I done a muffler mod on my buddys cs400 today i ground out the rear deflector behind the cat with a dremel and just drilled out the cat with a 7/8" drill bit.and only took out 1 of the sections on the front outlet.it really did bring it to life.even the small port before the cat would choke it out.i don't know how it breath through both it and the converter too.i still have to fine tune tomorrow.


----------



## stubnail67 (Jan 25, 2015)

jughead500 said:


> I done a muffler mod on my buddys cs400 today i ground out the rear deflector behind the cat with a dremel and just drilled out the cat with a 7/8" drill bit.and only took out 1 of the sections on the front outlet.it really did bring it to life.even the small port before the cat would choke it out.i don't know how it breath through both it and the converter too.i still have to fine tune tomorrow.
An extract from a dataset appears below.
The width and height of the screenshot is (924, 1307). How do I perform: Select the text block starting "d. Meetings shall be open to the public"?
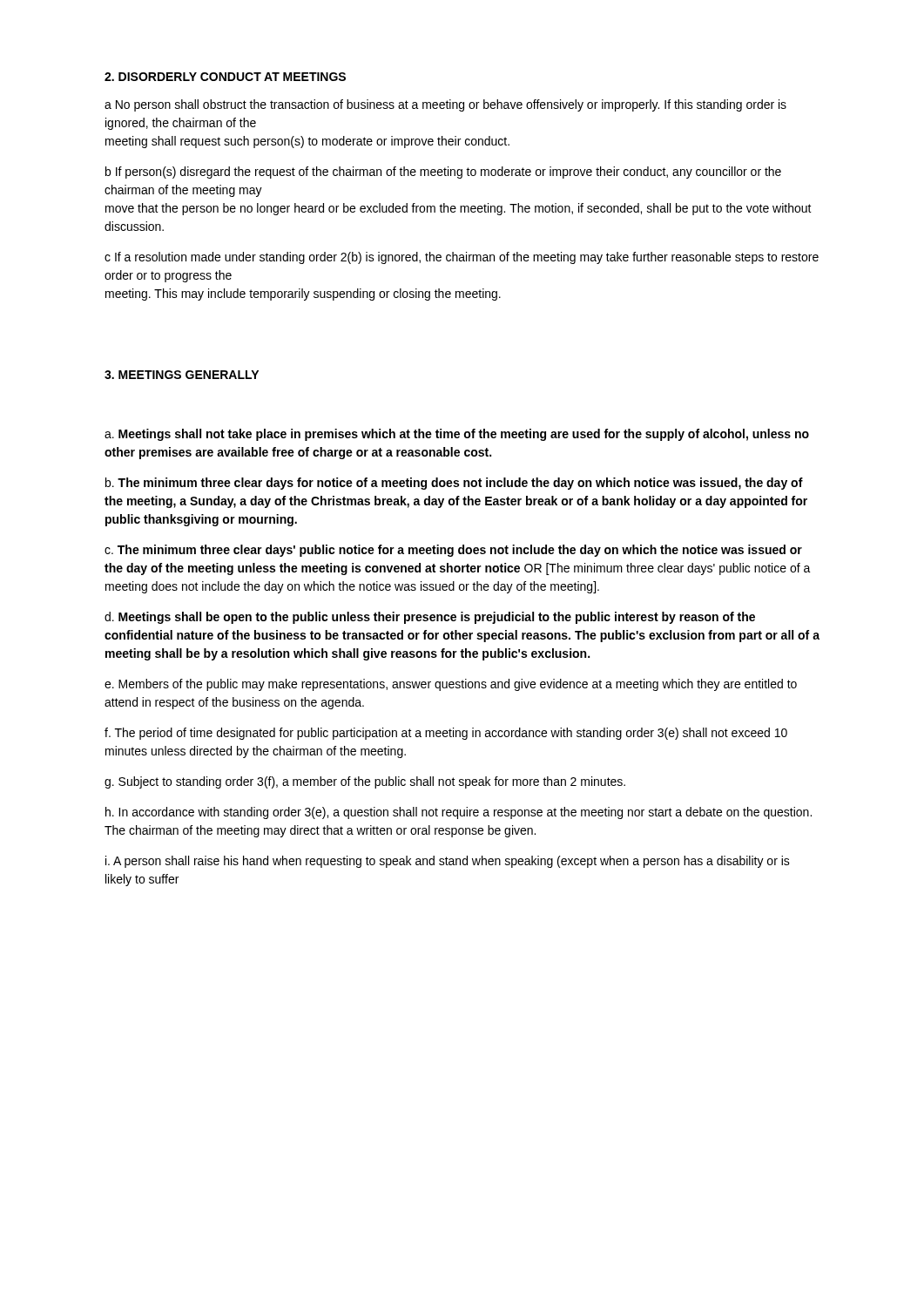(462, 635)

pics of before and after??


----------



## jughead500 (Jan 25, 2015)

Would have like too but just wasn’t in the mood for pictures today.blocked up 5 big sugar maples before i done this.my back is pretty well screwed right now.just done the sugar maples to tune a few saws and get a feel for a couple of saws i have been working on and help hold onto sanity.
If i were to have been able to post pictures they would look pretty much like redfir's about the only thing i done different than red was use a regular 7/8" drill bit in my dewalt in a vise.


----------



## rmotoman (Jan 25, 2015)

Nicutmafia said:


> If I do these mods to my saw, will it in any way adversely effect the saw, like cause it to over Rev and blow up or anything like that? Would removing the limiter caps and re-tuning without middling the muffler accomplish anything? What I am trying to achieve is getting this saw to run correctly without having to worry about premature failure due to it running too lean. I wouldn't mind a bit of performance boost but that's really not necessary as I will only be using it to cut approximately 30 ricks of personal fire wood per year and also the occasional clean up. Thanks...
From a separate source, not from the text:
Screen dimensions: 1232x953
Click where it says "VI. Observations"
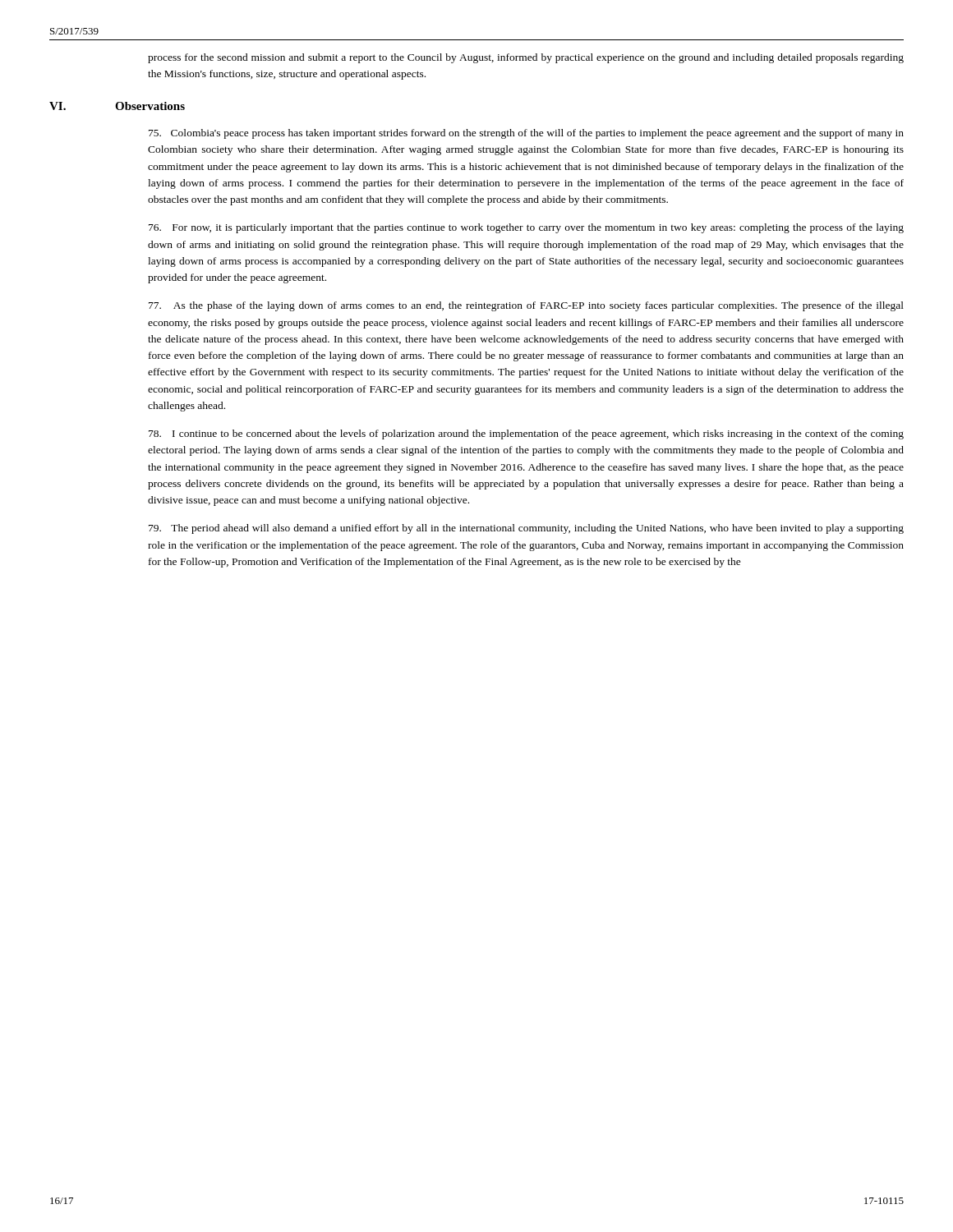coord(117,107)

You don't have to do the muffler mod but it runs so much better when you do. I first adjusted the carb because mine was so lean from the factory. Later did the mm. It's worth the effort. Cuts way faster.


----------



## stubnail67 (Jan 25, 2015)

im still breaking mine in it runs pretty good as is.... trying to break it in before i tear it apart guess if its adjusted right does not matter .....its adjusted a lil rich right now 3 or 4 tanks so far


----------



## Nicutmafia (Jan 25, 2015)

rmotoman said:


> You don't have to do the muffler mod but it runs so much better when you do. I first adjusted the carb because mine was so lean from the factory. Later did the mm. It's worth the effort. Cuts way faster.



Is there any adverse effects to doing the muffler mod? I'm definitely going to pull the limiter caps and re-tune. I'm still kind of on the fence with the muffler mod. Do you have to re-tune after modding the muffler if you have already richened the mixture up from factory settings?


----------



## jrs_diesel (Jan 25, 2015)

I believe you do. If I've read here correctly, the engine will run lean after a muffler mod since it breathes better.

I also saw a post further up asking about over revving these saws. I suppose it's possible under the right (or wrong) circumstance, but the ignition has a built in rev limiter that tops out at around 12,500 RPM.


----------



## RedFir Down (Jan 25, 2015)

Nicutmafia said:


> Is there any adverse effects to doing the muffler mod? I'm definitely going to pull the limiter caps and re-tune. I'm still kind of on the fence with the muffler mod. Do you have to re-tune after modding the muffler if you have already richened the mixture up from factory settings?


As long as the saw is tuned correctly after you muffler mod it that NO, there are no ill affects to opening up the muffler.
The saw will run cooler which promotes longevity and it will also have noticeably more power... it will probably hold 500+ more RPM in the cut.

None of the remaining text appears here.